**Work to be completed:** Set down exactly the lines in the records below that run from the line with "Answer: Sake Which" to the line with "to latex. <formula><loc_0><loc_0><loc_500><loc_500>\sqrt", inclusive, and nothing more.

**Exercise inputs:**
....................

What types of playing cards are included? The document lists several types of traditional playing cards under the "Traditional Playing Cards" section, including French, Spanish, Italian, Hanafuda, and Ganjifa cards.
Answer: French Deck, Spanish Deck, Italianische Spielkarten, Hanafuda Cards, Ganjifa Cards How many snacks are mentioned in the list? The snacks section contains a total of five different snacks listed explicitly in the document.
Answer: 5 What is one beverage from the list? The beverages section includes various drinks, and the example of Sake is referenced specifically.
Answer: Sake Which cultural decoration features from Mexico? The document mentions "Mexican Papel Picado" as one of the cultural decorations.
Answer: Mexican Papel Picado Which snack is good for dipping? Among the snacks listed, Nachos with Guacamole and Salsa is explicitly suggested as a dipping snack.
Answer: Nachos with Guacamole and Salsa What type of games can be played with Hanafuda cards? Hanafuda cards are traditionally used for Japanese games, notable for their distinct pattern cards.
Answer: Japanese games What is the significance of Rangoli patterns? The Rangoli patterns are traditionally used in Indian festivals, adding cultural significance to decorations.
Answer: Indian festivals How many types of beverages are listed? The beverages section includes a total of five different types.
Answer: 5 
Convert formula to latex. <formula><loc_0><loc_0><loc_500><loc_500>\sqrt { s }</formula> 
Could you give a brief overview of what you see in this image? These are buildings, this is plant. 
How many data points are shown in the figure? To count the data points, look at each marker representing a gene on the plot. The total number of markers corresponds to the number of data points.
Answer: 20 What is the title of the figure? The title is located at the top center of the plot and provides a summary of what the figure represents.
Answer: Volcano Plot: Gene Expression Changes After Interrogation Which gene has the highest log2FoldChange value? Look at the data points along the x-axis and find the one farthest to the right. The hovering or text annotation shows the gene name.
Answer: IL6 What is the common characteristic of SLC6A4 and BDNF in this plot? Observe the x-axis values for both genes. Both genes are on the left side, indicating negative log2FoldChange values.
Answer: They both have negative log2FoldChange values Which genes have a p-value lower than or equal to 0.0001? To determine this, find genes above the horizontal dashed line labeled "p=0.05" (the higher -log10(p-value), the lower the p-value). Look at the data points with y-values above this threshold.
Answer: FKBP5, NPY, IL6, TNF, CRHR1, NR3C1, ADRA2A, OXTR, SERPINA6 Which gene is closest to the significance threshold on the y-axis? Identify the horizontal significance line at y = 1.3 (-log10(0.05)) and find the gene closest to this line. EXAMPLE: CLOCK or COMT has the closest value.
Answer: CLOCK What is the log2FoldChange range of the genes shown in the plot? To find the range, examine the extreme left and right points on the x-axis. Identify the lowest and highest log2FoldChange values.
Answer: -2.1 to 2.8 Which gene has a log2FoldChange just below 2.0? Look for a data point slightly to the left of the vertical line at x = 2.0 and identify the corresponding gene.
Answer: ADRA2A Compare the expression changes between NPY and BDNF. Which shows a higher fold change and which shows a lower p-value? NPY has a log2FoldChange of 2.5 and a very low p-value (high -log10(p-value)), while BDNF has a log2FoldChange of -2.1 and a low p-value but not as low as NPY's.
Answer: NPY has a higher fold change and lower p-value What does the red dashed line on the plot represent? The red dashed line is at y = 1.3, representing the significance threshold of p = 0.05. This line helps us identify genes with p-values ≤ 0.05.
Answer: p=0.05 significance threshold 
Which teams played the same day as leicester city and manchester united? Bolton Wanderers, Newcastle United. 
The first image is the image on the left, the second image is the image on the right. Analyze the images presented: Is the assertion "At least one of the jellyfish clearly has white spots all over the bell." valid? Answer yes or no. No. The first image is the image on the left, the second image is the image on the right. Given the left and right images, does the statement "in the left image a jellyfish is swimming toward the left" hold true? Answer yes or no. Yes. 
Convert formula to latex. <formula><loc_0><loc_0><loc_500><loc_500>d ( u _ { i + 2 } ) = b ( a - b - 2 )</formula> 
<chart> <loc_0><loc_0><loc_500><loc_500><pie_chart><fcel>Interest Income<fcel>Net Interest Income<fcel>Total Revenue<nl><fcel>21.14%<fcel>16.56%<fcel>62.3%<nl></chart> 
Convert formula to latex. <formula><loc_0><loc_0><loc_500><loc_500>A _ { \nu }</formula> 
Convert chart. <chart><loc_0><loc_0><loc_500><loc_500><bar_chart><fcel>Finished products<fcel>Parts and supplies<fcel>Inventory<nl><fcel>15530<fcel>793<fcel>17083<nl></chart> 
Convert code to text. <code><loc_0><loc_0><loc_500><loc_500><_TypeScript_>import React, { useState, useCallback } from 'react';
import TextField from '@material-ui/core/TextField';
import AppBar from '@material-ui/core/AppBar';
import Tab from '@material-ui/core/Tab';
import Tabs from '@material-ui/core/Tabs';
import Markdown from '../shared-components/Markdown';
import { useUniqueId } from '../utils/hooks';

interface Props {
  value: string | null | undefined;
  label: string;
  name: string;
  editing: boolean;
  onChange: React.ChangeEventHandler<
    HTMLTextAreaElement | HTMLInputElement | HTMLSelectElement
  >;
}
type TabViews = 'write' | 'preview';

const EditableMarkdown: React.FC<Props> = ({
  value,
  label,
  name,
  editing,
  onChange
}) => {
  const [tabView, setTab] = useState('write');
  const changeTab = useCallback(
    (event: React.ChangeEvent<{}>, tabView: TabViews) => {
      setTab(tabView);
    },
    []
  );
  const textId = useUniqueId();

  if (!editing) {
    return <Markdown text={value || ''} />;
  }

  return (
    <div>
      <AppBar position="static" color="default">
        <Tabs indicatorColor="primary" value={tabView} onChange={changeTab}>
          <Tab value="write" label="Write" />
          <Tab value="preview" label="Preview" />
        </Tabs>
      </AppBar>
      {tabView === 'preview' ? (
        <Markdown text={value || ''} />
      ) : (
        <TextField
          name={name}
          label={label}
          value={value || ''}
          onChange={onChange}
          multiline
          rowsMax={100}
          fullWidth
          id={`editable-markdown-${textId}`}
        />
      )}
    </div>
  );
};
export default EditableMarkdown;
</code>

....................

**Exercise response:**
Answer: Sake Which cultural decoration features from Mexico? The document mentions "Mexican Papel Picado" as one of the cultural decorations.
Answer: Mexican Papel Picado Which snack is good for dipping? Among the snacks listed, Nachos with Guacamole and Salsa is explicitly suggested as a dipping snack.
Answer: Nachos with Guacamole and Salsa What type of games can be played with Hanafuda cards? Hanafuda cards are traditionally used for Japanese games, notable for their distinct pattern cards.
Answer: Japanese games What is the significance of Rangoli patterns? The Rangoli patterns are traditionally used in Indian festivals, adding cultural significance to decorations.
Answer: Indian festivals How many types of beverages are listed? The beverages section includes a total of five different types.
Answer: 5 
Convert formula to latex. <formula><loc_0><loc_0><loc_500><loc_500>\sqrt { s }</formula> 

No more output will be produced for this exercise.